▶ EXERCISE DESCRIPTION
Among the entries, find the lines with the string "this" and report them.

-- Opening Marker --

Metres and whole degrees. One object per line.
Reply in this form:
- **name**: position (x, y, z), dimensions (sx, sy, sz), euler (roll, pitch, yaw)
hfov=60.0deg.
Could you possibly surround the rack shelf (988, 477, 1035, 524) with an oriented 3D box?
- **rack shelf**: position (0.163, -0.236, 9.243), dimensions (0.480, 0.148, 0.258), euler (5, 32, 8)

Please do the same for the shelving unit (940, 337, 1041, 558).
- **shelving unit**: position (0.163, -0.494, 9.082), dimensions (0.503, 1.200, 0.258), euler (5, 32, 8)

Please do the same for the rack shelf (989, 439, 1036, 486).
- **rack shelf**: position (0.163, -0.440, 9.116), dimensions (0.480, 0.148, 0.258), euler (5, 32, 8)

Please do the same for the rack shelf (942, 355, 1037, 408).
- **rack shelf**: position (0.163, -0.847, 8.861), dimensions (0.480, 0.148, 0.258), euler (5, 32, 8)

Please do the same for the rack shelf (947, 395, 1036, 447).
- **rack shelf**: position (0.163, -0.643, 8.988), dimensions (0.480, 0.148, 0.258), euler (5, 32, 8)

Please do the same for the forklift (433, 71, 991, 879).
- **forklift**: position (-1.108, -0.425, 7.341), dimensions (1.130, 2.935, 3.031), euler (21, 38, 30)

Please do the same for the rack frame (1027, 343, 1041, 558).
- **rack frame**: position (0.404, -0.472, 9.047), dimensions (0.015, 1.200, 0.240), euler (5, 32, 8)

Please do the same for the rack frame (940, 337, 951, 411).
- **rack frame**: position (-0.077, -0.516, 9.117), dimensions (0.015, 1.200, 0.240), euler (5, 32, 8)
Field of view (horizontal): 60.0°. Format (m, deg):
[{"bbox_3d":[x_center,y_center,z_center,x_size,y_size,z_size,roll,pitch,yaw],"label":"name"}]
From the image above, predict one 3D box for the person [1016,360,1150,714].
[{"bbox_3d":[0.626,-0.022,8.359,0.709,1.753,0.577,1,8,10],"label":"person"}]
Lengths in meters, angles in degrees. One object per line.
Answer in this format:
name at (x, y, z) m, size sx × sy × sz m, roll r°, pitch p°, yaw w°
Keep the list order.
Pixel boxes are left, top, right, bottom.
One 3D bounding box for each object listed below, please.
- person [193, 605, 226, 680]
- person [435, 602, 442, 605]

-- Closing Marker --

▶ RESULT OF THE TASK
Reply in this form:
Answer in this format:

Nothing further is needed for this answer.